Jane Austen’s brief life and writing career overlapped with one of the most transformative
eras in British history, marked by revolution abroad and unrest at home. However, her
novels reveal little awareness of these events.

Pride and Prejudice, just like all Austen’s novels, depicts a social milieu which was
particularly stratified, and class divisions were rooted in family connections and wealth.
Austen is often critical of the assumptions and prejudices of both upper-class and lower-
class England. Making distinctions between internal merit and external merit
.Nevertheless, Austen was in many ways a realist, and the England she depicts is one in
which social mobility is limited and class-consciousness is strong.

Socially regimented ideas of appropriate behavior for each gender factored into Austen’s
work as well. While social advancement for young men lay in the military, church, or law,
the chief method of self-improvement for women was the acquisition of wealth. Women
could only accomplish this goal through successful marriage, which explains the ubiquity
of matrimony as a goal and topic of conversation in Austen’s writing..

In general, Austen occupies a curious position between the eighteenth and nineteenth
centuries.. Her plots bear similarities to the ones employed in sentimental novels, while
the ambiguity in rendering emotion, the appreciation for intelligence and natural beauty
are romantic elements. In their awareness of the conditions of modernity and city life and
the consequences for family structure and individual characters, Austen ‘s novels also
displays elements of Victorian literature.

Pride and Prejudice continues to be popular today not only because of its memorable
characters and the general appeal of the story, but also because of the skill with which it is
told. In Pride and Prejudice, Austen displays a masterful use of irony, dialogue in her well-
built plots as well as a psychological realism that support the character development and
heighten the experience of reading the novel. Austen's works possess a timeless quality,
which makes her stories and themes as relevant today as they were two hundred years
ago.

2. LEWIS CARROLL

Alice's Adventures in Wonderland is an 1865 novel written by English author Charles


Lutwidge Dodgson under the pseudonym Lewis Carroll.It tells of a girl named Alice who
falls down a rabbit hole into a fantasy world populated by peculiar, anthropomorphic
creatures. The tale plays with logic, giving the story lasting popularity with adults as well
as with children. It is considered to be one of the best examples of the literary nonsense
genre. Its narrative course and structure, characters and imagery have been enormously
influentialin both popular culture and literature, especially in the fantasy genre.

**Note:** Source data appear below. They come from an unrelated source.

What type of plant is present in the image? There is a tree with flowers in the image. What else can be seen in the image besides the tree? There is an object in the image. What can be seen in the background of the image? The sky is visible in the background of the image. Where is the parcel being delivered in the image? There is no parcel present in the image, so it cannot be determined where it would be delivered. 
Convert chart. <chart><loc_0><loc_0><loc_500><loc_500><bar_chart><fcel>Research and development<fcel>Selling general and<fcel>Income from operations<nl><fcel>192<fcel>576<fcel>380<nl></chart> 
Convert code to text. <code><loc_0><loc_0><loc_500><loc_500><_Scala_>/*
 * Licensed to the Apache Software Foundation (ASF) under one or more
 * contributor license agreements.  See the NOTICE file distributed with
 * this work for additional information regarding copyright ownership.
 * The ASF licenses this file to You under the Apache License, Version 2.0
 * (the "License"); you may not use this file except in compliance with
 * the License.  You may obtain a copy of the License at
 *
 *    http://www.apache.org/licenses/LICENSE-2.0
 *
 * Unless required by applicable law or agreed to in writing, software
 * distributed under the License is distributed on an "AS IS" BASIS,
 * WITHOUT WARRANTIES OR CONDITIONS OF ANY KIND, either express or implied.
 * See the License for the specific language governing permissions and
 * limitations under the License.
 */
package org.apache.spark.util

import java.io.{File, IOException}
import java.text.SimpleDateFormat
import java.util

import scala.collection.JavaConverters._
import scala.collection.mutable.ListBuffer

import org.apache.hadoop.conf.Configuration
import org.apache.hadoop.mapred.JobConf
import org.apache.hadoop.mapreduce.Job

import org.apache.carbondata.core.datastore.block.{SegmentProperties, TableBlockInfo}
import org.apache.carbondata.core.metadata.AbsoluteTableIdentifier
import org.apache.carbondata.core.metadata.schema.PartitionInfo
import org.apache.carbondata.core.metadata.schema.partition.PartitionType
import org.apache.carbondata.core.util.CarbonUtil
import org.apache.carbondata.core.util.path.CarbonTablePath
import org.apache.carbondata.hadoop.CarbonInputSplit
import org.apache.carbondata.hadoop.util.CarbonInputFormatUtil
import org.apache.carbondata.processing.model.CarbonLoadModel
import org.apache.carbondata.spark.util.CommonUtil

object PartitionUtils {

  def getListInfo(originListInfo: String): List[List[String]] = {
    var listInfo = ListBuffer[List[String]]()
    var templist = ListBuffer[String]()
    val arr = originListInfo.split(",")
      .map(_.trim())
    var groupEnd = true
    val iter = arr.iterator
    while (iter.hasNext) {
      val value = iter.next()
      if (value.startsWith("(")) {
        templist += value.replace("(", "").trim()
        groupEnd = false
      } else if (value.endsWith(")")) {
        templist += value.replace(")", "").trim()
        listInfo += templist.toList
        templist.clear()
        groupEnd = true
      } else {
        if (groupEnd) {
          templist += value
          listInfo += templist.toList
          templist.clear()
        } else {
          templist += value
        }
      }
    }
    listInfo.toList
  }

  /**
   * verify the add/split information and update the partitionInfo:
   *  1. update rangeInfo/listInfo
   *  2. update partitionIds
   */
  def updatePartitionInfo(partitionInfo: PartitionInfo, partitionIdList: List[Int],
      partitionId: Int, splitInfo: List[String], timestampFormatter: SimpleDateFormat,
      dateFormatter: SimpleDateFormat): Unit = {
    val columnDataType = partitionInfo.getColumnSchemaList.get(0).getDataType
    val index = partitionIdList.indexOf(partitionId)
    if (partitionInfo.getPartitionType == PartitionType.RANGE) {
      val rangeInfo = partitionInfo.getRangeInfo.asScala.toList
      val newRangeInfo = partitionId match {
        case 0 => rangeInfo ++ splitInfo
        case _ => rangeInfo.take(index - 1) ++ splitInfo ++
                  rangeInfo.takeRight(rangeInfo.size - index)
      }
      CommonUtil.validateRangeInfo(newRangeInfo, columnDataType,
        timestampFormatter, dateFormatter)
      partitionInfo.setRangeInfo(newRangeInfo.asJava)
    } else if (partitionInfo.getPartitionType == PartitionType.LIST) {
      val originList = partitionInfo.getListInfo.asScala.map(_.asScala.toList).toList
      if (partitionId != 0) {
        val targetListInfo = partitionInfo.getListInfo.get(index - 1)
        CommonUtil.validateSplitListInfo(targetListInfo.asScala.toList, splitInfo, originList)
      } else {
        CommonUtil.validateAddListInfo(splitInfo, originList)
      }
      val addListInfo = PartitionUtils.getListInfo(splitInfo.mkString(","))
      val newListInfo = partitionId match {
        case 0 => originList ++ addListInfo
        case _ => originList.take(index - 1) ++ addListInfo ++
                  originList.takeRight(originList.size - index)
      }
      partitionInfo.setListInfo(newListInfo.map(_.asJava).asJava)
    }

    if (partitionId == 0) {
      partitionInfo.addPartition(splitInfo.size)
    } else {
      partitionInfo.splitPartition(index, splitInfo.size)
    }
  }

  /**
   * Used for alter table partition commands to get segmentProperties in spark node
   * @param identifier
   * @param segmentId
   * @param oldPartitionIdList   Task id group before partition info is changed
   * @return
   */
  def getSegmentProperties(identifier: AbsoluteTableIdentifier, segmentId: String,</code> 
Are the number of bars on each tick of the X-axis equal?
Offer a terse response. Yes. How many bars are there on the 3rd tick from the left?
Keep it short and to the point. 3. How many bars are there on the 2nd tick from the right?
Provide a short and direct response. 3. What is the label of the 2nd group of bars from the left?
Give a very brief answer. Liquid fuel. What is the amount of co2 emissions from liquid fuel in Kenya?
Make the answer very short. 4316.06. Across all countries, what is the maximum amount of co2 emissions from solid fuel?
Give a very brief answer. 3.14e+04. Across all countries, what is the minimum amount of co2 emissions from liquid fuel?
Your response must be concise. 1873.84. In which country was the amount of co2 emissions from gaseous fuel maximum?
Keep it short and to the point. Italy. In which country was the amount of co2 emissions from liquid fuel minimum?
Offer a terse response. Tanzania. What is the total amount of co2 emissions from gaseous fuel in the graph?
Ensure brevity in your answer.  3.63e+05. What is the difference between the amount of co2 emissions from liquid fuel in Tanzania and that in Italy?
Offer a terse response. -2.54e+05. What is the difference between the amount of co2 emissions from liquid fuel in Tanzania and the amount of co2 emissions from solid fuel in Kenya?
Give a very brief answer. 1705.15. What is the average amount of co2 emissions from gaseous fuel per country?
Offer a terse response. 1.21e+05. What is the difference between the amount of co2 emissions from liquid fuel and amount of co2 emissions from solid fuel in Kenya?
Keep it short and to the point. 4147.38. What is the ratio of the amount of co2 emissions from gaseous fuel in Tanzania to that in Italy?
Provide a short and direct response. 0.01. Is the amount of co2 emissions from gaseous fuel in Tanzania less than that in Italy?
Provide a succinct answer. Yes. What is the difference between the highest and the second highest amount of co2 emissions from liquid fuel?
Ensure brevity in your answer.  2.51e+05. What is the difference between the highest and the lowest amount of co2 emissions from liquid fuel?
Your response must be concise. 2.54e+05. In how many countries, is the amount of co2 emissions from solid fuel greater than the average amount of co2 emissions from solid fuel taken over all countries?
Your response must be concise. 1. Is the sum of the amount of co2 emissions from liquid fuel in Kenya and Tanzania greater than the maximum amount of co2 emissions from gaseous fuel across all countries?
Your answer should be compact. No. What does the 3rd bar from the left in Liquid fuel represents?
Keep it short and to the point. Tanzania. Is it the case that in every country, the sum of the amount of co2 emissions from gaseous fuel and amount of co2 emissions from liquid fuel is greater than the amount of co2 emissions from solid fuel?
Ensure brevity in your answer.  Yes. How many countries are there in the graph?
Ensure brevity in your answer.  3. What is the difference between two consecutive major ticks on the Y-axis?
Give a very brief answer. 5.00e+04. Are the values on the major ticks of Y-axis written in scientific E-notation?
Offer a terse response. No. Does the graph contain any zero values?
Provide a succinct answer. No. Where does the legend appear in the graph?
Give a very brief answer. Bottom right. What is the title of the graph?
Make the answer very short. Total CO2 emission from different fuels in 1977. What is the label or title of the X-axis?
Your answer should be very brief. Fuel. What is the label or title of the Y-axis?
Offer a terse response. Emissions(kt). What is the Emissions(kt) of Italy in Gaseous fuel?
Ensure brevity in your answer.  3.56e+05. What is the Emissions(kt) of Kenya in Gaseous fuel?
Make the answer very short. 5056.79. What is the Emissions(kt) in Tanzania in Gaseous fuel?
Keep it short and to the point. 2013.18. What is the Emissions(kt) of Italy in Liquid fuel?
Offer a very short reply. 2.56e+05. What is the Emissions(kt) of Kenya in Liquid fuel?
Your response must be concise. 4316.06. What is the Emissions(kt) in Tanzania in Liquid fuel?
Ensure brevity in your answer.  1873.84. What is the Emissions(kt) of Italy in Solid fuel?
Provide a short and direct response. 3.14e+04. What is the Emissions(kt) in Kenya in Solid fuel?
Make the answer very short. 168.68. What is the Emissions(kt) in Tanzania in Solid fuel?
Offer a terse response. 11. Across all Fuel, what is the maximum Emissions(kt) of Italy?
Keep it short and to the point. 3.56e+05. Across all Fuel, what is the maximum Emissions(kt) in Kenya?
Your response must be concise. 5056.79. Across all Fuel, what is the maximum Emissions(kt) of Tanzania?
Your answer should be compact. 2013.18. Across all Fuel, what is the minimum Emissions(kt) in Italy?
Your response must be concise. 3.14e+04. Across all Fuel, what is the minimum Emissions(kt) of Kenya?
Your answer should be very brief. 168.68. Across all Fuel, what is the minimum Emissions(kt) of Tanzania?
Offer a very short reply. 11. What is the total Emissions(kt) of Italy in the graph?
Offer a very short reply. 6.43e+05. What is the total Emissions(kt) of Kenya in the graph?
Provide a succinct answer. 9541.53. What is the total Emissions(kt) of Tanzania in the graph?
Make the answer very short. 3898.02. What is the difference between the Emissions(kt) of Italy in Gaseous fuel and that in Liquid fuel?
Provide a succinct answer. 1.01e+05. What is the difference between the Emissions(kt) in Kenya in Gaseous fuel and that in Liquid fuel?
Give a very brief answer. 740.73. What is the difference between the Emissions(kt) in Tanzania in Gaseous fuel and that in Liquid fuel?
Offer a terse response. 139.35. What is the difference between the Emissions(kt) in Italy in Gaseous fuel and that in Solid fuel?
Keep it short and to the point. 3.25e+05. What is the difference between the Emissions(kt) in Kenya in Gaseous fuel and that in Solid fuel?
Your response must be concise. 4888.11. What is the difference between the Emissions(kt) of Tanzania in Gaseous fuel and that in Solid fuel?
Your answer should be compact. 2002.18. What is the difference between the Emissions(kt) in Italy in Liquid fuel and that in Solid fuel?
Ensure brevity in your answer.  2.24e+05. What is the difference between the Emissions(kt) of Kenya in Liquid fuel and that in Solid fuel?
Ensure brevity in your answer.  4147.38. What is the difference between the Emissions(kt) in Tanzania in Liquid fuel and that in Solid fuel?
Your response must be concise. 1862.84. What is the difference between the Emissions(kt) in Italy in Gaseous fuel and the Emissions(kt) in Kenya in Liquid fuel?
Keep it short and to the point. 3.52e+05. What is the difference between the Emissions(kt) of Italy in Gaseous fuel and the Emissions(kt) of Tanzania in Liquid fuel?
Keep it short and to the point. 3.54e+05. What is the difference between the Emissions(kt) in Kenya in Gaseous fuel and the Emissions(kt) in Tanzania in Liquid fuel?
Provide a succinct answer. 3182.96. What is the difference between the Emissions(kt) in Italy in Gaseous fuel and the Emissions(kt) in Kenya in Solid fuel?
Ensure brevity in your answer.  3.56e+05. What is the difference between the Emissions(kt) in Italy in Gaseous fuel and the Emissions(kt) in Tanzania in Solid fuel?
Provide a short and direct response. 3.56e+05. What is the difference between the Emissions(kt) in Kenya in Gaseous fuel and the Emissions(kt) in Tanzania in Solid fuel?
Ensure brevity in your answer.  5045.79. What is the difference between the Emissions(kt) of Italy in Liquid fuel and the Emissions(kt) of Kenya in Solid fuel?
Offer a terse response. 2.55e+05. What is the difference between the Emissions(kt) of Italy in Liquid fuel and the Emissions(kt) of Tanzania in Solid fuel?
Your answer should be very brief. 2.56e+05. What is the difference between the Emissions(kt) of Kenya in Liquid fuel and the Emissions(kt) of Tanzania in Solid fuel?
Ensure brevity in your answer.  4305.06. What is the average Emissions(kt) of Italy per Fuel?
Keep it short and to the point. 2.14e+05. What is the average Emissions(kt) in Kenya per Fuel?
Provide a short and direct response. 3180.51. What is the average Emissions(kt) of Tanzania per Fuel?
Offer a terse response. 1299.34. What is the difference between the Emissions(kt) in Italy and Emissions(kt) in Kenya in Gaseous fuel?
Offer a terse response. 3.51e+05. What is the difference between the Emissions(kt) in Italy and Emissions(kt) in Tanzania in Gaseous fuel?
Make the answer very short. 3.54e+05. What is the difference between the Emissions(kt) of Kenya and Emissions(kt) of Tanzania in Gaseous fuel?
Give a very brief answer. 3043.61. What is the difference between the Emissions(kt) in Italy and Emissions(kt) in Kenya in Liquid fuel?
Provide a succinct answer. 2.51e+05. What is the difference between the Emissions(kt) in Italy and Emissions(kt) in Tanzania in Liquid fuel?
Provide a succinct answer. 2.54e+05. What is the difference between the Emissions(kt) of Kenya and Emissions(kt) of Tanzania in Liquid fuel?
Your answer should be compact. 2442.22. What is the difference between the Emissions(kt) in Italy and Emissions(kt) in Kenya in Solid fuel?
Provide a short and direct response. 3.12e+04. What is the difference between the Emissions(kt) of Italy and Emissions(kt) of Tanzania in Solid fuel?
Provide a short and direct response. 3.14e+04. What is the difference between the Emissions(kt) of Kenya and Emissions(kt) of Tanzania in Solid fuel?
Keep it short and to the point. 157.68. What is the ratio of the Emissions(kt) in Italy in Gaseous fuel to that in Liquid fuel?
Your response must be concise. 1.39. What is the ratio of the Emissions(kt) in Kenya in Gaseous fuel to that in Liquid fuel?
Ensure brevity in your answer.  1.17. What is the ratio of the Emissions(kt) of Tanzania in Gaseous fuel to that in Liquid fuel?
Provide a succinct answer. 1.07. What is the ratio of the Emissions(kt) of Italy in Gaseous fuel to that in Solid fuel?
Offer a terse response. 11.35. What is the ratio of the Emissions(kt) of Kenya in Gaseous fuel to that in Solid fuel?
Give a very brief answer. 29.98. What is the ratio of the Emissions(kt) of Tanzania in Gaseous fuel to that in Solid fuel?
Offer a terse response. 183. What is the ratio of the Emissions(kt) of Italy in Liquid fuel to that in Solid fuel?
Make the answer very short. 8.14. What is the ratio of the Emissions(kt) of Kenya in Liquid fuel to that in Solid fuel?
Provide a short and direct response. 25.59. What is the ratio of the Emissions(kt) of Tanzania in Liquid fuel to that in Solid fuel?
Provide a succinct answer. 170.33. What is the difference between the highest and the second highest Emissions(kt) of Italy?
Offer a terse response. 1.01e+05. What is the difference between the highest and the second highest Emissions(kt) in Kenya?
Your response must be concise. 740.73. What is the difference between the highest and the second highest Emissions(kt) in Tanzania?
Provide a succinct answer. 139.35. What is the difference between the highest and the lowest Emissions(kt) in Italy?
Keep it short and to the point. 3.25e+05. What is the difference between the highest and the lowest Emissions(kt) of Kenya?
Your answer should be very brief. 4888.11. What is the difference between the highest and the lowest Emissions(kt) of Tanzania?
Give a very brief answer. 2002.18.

An historical approach to Alice encourages us to rely on a close examination of the trends,


culture, and philosophy of the Victorian period for our interpretation of Alice’s encounters
in Wonderland . Although there aren't many historical references in Alice in Wonderland ,
the very texture of the book -- full of events like tea parties, croquet games, and awkward
encounters with royalty -- are so rooted in Victorian English culture that they can seem
very foreign to a modern reader. The book is full of nineteenth-century words, and many
characters are based on common sayings or ideas of Carroll's day. Moreover, Alice's
running conversation with herself tells us about certain aspects of Victorian childhood
education: we notice her study of Latin, her knowledge of geography, and the moral
poems which she had to memorize .

But although the flavor of Carroll's culture permeates Alice in Wonderland, the events
which framed Lewis Carroll's England in a larger historical context - the long rule of Queen
Victoria, the American Civil War, fail to show up inside Alice's fantasy world.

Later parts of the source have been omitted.